Scenario #1: Today, I plan to buy USD/JPY at the entry point around 144.17 (green line on the chart), targeting a rise to 145.05 (thicker green line on the chart). Around 145.05, I plan to exit the buy positions and open sell positions in the opposite direction (aiming for a 30–35 pip move from the entry point). It's best to return to buying the pair during corrections and significant pullbacks in USD/JPY. Important! Before buying, ensure the MACD indicator is above the zero mark and starting its upward movement.

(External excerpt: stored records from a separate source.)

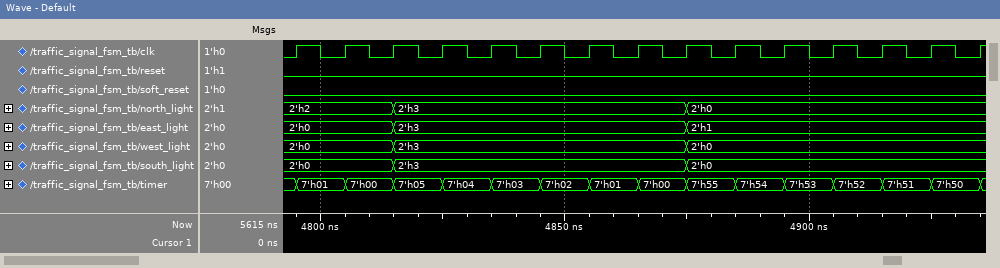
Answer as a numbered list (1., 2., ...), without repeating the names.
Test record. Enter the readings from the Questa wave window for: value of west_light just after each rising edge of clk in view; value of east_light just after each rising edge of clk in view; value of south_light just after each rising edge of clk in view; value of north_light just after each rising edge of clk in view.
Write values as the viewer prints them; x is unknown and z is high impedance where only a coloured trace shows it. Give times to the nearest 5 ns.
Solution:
1. 2'h0, 2'h0, 2'h3, 2'h3, 2'h3, 2'h3, 2'h3, 2'h3, 2'h0, 2'h0, 2'h0, 2'h0, 2'h0, 2'h0, 2'h0
2. 2'h0, 2'h0, 2'h3, 2'h3, 2'h3, 2'h3, 2'h3, 2'h3, 2'h1, 2'h1, 2'h1, 2'h1, 2'h1, 2'h1, 2'h1
3. 2'h0, 2'h0, 2'h3, 2'h3, 2'h3, 2'h3, 2'h3, 2'h3, 2'h0, 2'h0, 2'h0, 2'h0, 2'h0, 2'h0, 2'h0
4. 2'h2, 2'h2, 2'h3, 2'h3, 2'h3, 2'h3, 2'h3, 2'h3, 2'h0, 2'h0, 2'h0, 2'h0, 2'h0, 2'h0, 2'h0
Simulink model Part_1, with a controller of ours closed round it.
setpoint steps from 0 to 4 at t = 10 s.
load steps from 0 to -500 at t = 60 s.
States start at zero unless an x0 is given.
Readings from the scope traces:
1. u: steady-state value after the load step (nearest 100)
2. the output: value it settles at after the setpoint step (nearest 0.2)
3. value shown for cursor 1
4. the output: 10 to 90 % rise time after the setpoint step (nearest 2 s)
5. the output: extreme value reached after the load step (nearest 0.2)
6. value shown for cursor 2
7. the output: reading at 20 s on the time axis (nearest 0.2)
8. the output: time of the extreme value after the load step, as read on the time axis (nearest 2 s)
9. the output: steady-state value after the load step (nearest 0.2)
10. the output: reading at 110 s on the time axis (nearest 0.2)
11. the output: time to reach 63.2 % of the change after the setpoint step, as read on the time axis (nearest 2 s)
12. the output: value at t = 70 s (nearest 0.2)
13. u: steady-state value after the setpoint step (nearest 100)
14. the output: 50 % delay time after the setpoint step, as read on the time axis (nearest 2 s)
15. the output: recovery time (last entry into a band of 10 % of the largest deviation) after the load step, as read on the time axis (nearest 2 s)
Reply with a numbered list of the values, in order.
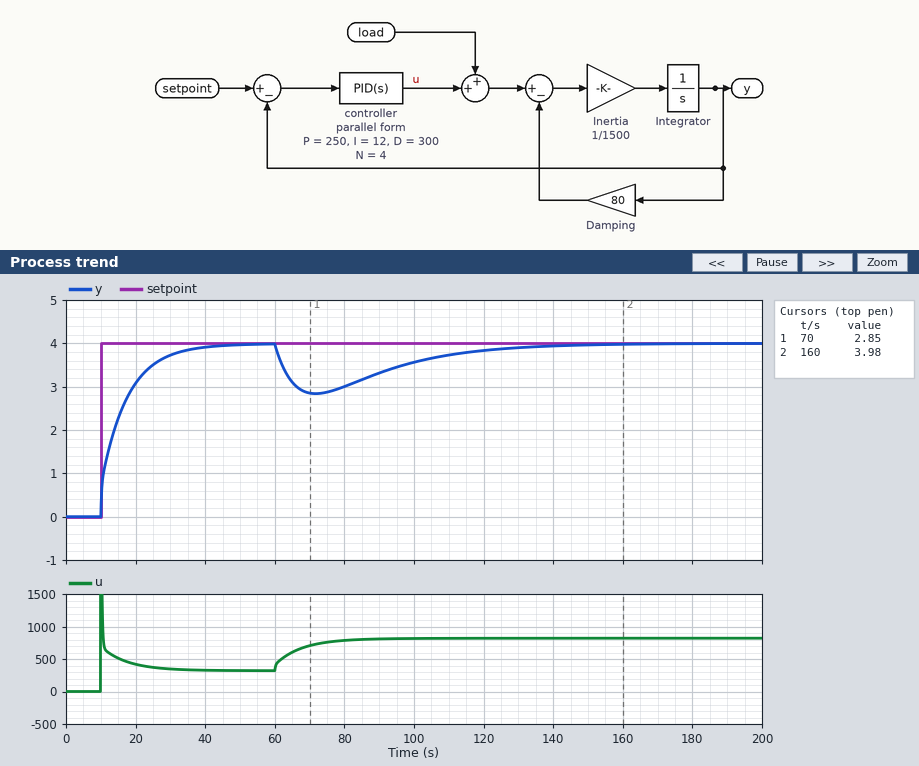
1. 800
2. 4.0
3. 2.85
4. 16 s
5. 2.8
6. 3.98
7. 3.0
8. 72 s
9. 4.0
10. 3.8
11. 16 s
12. 2.8
13. 300
14. 14 s
15. 128 s
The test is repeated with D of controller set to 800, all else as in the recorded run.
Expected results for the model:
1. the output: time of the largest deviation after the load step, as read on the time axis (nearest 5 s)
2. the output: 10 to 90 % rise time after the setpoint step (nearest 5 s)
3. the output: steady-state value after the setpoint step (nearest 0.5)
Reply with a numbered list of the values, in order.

1. 75 s
2. 20 s
3. 4.0

Scenario #2: I also plan to buy USD/JPY today in the case of two consecutive tests of the 143.50 level when the MACD indicator is in the oversold area. This would limit the pair's downside potential and lead to an upward market reversal. A rise can be expected toward the opposing levels of 144.17 and 145.05.

Sell Scenario

Scenario #1: I plan to sell USD/JPY only after breaking below 143.50 (red line on the chart), which should lead to a quick decline in the pair. The key target for sellers will be the 142.85 level, where I plan to exit the sales and immediately open buys in the opposite direction (aiming for a 20–25 pip move from the level). Downward pressure on the pair may persist today. Important! Before selling, make sure the MACD indicator is below the zero mark and just starting its downward movement.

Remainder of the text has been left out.